• _EXERCISE OBJECTIVE_
Pull every line holding the string "figures" from the records below.

[Recorded data]
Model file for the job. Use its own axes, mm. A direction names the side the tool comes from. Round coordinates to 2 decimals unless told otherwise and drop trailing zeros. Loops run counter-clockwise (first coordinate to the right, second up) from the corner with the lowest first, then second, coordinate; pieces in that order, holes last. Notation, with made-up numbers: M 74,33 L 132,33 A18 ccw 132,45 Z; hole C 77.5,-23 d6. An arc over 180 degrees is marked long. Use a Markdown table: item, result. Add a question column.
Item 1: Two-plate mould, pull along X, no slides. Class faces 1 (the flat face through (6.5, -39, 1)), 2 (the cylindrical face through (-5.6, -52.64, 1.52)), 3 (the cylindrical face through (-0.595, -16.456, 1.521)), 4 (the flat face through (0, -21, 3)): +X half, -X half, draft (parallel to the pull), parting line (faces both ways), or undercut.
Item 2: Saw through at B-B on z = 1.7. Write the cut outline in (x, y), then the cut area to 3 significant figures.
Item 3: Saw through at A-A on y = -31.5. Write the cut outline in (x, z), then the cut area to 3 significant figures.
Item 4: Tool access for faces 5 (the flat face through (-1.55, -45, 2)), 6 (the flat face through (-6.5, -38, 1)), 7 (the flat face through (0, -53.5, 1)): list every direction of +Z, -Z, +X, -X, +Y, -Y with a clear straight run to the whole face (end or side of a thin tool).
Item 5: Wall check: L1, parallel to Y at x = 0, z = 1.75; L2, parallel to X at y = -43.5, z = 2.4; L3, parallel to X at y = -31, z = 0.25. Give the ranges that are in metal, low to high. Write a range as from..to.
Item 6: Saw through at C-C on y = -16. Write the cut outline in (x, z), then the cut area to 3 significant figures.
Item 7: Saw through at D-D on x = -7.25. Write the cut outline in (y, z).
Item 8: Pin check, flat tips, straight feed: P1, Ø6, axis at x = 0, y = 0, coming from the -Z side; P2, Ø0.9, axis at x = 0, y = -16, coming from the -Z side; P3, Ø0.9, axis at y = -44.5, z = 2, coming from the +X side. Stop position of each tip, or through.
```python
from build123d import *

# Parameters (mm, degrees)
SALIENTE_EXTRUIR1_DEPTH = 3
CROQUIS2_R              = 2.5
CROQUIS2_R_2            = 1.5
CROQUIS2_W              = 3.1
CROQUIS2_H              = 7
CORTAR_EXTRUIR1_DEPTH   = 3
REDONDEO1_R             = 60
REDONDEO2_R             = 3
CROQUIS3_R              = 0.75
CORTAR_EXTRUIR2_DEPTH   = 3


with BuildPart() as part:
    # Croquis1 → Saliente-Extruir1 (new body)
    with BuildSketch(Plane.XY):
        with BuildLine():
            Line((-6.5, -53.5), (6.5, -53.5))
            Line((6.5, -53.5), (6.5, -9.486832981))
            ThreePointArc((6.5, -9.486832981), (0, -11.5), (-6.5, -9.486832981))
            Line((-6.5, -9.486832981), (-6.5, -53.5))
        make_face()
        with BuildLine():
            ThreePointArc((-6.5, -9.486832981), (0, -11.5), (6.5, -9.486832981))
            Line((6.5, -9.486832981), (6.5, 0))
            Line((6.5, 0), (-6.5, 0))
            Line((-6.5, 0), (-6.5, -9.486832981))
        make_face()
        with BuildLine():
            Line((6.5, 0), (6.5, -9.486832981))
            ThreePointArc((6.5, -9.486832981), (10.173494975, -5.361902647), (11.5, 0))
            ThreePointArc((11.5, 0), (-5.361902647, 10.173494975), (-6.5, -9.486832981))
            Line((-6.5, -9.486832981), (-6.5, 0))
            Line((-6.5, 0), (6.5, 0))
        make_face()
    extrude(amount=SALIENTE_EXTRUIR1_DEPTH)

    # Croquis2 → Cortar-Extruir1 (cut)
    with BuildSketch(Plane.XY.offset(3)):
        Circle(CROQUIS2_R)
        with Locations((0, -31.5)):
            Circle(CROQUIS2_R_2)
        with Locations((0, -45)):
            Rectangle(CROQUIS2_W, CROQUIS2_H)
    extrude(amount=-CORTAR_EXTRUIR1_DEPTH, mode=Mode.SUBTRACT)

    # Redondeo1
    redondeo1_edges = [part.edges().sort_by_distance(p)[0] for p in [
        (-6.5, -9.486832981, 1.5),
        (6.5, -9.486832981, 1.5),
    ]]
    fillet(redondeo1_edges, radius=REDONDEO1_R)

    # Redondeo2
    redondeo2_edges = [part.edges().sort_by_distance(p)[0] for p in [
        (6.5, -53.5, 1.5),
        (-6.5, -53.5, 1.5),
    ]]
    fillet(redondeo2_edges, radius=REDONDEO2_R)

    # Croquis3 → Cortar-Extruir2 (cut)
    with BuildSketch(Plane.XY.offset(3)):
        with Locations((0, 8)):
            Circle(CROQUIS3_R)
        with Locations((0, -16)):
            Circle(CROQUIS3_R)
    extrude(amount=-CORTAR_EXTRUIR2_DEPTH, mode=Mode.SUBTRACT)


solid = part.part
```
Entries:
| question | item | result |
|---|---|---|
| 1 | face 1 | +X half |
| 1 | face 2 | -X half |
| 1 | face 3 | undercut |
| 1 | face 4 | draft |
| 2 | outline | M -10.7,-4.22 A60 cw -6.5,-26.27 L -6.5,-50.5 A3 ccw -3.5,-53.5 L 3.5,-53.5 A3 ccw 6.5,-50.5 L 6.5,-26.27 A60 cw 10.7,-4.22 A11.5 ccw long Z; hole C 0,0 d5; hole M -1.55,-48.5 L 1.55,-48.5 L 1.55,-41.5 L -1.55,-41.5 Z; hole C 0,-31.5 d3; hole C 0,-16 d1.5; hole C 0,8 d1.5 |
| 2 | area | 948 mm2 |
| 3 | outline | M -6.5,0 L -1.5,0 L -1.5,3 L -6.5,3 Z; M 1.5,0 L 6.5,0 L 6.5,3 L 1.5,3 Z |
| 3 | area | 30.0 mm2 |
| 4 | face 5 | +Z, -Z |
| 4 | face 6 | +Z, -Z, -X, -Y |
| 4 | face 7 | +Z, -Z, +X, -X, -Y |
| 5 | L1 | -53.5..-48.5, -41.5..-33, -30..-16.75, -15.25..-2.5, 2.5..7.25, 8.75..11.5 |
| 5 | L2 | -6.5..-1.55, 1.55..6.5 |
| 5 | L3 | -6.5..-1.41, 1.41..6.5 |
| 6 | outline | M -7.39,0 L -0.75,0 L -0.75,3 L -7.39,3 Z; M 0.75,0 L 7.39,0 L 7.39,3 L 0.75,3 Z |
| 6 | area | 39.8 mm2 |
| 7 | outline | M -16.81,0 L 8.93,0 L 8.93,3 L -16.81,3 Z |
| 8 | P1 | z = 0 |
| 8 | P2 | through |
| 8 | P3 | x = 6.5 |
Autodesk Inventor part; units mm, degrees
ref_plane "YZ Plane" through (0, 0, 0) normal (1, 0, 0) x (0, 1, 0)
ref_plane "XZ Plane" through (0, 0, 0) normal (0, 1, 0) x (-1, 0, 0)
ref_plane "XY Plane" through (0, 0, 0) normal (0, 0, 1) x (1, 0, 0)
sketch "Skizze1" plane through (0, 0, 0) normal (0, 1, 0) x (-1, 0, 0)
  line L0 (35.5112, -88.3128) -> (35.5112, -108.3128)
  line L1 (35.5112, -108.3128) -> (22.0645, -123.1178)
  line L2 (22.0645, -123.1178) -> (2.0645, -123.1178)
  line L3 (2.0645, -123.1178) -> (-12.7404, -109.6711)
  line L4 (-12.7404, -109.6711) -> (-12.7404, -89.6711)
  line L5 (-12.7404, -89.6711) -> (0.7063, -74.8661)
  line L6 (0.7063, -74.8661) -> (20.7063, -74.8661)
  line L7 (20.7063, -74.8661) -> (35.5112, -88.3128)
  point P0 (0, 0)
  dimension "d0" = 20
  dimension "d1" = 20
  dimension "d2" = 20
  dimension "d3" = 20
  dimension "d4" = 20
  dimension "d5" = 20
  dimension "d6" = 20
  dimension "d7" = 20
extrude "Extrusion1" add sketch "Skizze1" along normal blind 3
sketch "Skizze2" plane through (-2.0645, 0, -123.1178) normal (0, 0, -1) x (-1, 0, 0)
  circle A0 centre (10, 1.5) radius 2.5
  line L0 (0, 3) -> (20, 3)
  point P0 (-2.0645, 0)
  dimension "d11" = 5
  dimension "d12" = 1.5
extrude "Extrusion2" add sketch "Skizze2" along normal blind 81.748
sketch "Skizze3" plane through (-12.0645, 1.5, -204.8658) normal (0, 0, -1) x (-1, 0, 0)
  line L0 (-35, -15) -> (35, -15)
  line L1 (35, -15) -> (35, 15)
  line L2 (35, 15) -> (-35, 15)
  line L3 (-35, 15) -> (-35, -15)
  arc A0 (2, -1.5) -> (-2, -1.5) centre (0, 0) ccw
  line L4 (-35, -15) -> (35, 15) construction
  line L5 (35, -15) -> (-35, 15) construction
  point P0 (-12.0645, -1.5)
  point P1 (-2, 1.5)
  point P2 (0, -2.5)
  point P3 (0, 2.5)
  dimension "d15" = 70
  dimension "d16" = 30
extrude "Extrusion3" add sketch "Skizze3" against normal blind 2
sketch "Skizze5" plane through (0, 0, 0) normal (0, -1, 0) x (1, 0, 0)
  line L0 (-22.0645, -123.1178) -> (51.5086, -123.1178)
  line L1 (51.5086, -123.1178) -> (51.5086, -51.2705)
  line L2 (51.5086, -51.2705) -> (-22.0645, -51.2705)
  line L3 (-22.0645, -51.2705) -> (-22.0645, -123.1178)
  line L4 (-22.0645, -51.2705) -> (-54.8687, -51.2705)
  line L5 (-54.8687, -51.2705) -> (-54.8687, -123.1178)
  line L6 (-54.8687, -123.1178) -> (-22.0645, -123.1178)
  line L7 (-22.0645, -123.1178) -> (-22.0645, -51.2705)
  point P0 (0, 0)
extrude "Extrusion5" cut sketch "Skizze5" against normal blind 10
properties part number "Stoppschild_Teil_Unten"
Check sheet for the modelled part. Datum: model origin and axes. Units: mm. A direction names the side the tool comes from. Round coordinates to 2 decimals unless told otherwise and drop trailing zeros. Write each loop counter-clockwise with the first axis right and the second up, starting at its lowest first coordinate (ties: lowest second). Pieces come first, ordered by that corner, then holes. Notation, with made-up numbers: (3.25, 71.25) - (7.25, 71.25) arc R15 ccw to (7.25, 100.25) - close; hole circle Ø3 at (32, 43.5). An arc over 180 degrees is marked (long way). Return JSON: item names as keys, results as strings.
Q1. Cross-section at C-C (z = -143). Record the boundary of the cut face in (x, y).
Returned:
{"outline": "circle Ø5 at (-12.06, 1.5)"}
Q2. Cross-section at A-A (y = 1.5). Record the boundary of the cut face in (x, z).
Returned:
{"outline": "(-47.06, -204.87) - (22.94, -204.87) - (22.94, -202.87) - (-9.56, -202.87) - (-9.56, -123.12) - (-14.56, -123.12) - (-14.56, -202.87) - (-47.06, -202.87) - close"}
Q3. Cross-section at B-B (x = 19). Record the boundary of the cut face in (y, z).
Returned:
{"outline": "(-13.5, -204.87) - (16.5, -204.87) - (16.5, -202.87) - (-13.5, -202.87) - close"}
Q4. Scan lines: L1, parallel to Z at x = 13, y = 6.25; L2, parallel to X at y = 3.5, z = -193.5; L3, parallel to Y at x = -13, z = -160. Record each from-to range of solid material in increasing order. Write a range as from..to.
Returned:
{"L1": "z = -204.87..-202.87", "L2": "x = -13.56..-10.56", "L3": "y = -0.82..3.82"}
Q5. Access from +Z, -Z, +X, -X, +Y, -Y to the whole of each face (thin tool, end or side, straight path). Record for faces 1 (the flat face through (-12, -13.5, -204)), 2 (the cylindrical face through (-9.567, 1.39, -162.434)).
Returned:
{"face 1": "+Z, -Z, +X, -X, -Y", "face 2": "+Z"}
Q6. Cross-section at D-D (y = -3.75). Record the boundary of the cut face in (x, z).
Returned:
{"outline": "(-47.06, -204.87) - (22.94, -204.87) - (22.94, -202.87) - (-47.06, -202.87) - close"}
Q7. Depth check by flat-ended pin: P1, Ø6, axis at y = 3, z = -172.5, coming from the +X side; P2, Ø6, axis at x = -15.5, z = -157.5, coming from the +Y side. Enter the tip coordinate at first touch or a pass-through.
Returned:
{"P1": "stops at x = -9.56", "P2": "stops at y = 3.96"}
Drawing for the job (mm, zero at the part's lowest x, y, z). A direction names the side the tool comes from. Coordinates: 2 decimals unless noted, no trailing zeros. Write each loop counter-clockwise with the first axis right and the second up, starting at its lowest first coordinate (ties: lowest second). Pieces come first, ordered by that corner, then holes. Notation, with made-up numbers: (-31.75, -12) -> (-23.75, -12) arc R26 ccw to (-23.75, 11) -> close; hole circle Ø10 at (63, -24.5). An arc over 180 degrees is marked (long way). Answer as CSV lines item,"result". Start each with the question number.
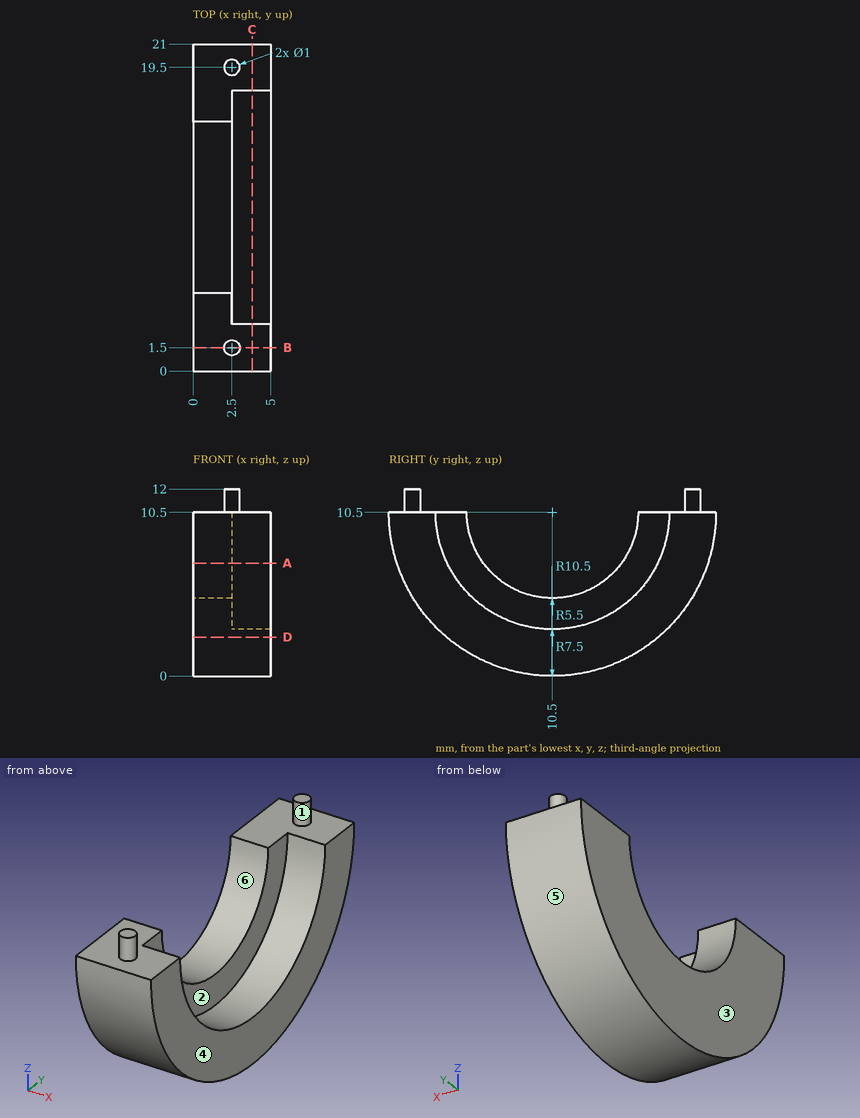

• _FINAL ANSWER_
Item 2: Saw through at B-B on z = 1.7. Write the cut outline in (x, y), then the cut area to 3 significant figures.
Item 3: Saw through at A-A on y = -31.5. Write the cut outline in (x, z), then the cut area to 3 significant figures.
Item 6: Saw through at C-C on y = -16. Write the cut outline in (x, z), then the cut area to 3 significant figures.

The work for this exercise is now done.